» **DESCRIPTION OF THE TASK**: A faithful copy is needed of the lines below from the one with "Horizontal angle of view: 67.6°." up to and including the one with "The horizontal FOV is 67.6°."; set it down with no pictures and no other lines.

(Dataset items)
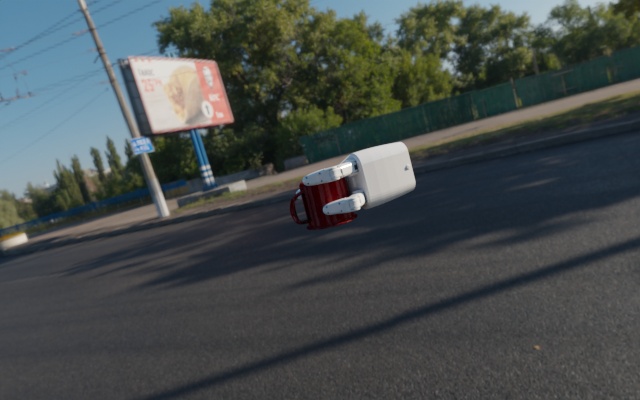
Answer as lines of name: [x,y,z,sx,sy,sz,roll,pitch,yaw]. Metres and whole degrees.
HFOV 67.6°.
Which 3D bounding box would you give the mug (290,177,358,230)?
mug: [-0.001,0.003,0.827,0.117,0.081,0.093,-17,7,-23]
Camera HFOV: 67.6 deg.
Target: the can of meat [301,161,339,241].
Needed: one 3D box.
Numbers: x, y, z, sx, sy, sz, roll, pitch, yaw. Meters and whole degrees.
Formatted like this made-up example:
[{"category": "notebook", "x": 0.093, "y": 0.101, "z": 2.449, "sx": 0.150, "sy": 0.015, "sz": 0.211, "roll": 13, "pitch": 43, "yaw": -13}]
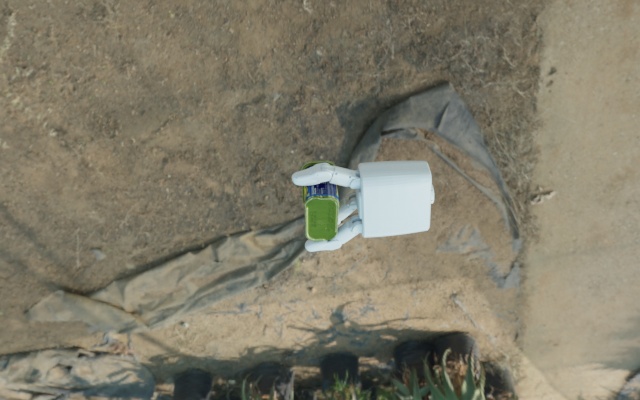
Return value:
[{"category": "can of meat", "x": 0.000, "y": 0.003, "z": 0.758, "sx": 0.057, "sy": 0.102, "sz": 0.083, "roll": -2, "pitch": 44, "yaw": -2}]
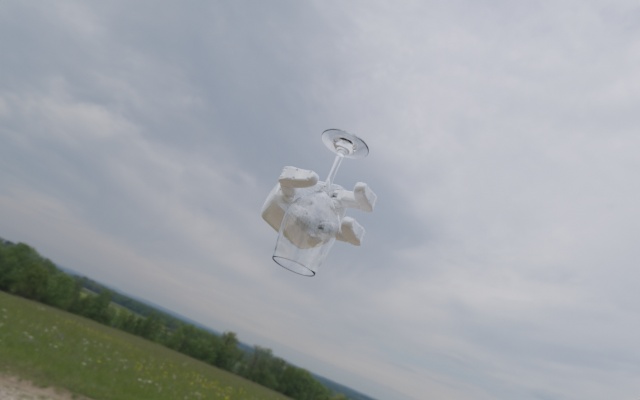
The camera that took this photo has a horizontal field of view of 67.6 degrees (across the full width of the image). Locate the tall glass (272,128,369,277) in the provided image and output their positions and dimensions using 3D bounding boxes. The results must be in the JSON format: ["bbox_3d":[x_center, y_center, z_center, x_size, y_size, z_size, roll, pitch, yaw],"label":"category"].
[{"bbox_3d":[0.000,0.002,0.666,0.079,0.201,0.079,20,-22,8],"label":"tall glass"}]
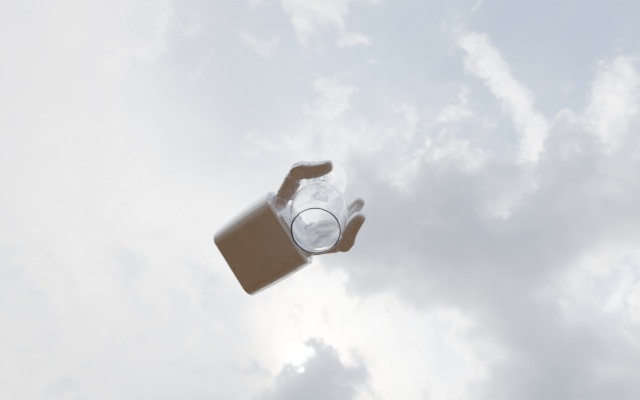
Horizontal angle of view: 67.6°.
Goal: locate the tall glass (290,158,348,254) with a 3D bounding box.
[{"bbox_3d":[0.000,0.002,0.672,0.079,0.079,0.201,0,21,3],"label":"tall glass"}]
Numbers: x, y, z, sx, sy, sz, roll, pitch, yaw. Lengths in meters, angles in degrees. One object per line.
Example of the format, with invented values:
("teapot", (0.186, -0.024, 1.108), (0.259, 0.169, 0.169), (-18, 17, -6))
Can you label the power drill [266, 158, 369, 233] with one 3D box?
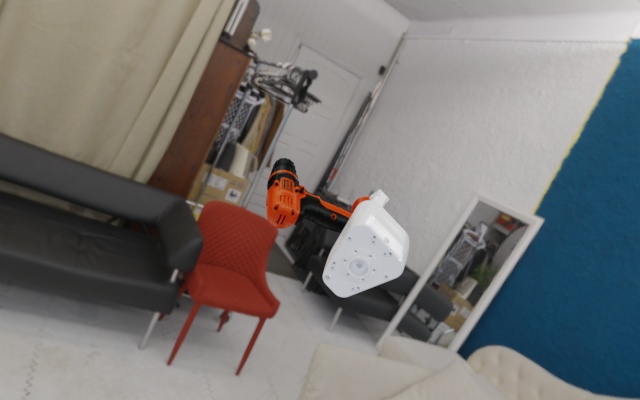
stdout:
("power drill", (0.001, 0.003, 0.798), (0.187, 0.057, 0.184), (17, 31, -12))
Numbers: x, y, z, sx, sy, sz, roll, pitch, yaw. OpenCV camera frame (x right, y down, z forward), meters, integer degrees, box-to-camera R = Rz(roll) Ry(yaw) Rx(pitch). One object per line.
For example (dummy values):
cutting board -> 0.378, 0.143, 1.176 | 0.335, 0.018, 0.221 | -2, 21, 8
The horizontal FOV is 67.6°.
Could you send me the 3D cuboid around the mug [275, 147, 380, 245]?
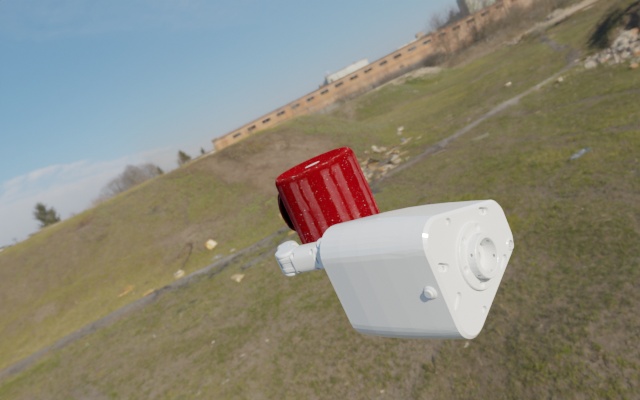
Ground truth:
mug -> -0.001, 0.002, 0.473 | 0.117, 0.081, 0.093 | -12, 17, 48

» **COMPLETED TASK**:
Horizontal angle of view: 67.6°.
Goal: locate the tall glass (290,158,348,254) with a 3D bounding box.
[{"bbox_3d":[0.000,0.002,0.672,0.079,0.079,0.201,0,21,3],"label":"tall glass"}]
Numbers: x, y, z, sx, sy, sz, roll, pitch, yaw. Lengths in meters, angles in degrees. One object per line.
Example of the format, with invented values:
("teapot", (0.186, -0.024, 1.108), (0.259, 0.169, 0.169), (-18, 17, -6))
Can you label the power drill [266, 158, 369, 233] with one 3D box?
stdout:
("power drill", (0.001, 0.003, 0.798), (0.187, 0.057, 0.184), (17, 31, -12))
Numbers: x, y, z, sx, sy, sz, roll, pitch, yaw. OpenCV camera frame (x right, y down, z forward), meters, integer degrees, box-to-camera R = Rz(roll) Ry(yaw) Rx(pitch). One object per line.
For example (dummy values):
cutting board -> 0.378, 0.143, 1.176 | 0.335, 0.018, 0.221 | -2, 21, 8
The horizontal FOV is 67.6°.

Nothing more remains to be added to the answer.